Since the pictures are not wanted, reproduce only the rest of the records, exactly as given.
Start of Block
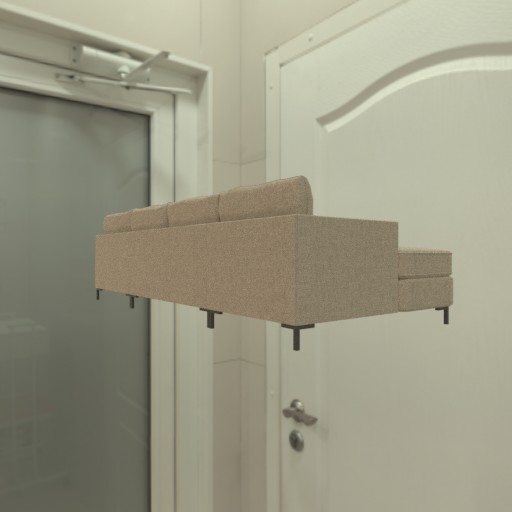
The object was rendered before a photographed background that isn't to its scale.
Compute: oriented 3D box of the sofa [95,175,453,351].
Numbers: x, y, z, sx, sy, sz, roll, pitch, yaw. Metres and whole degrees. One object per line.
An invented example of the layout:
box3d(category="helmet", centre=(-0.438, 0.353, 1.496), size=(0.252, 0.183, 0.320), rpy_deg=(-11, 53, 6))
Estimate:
box3d(category="sofa", centre=(0.000, 0.000, 4.284), size=(2.021, 0.996, 3.423), rpy_deg=(0, 0, -37))
End of Block
* Task solution:
The object was rendered before a photographed background that isn't to its scale.
Compute: oriented 3D box of the sofa [95,175,453,351].
Numbers: x, y, z, sx, sy, sz, roll, pitch, yaw. Metres and whole degrees. One object per line.
An invented example of the layout:
box3d(category="helmet", centre=(-0.438, 0.353, 1.496), size=(0.252, 0.183, 0.320), rpy_deg=(-11, 53, 6))
Estimate:
box3d(category="sofa", centre=(0.000, 0.000, 4.284), size=(2.021, 0.996, 3.423), rpy_deg=(0, 0, -37))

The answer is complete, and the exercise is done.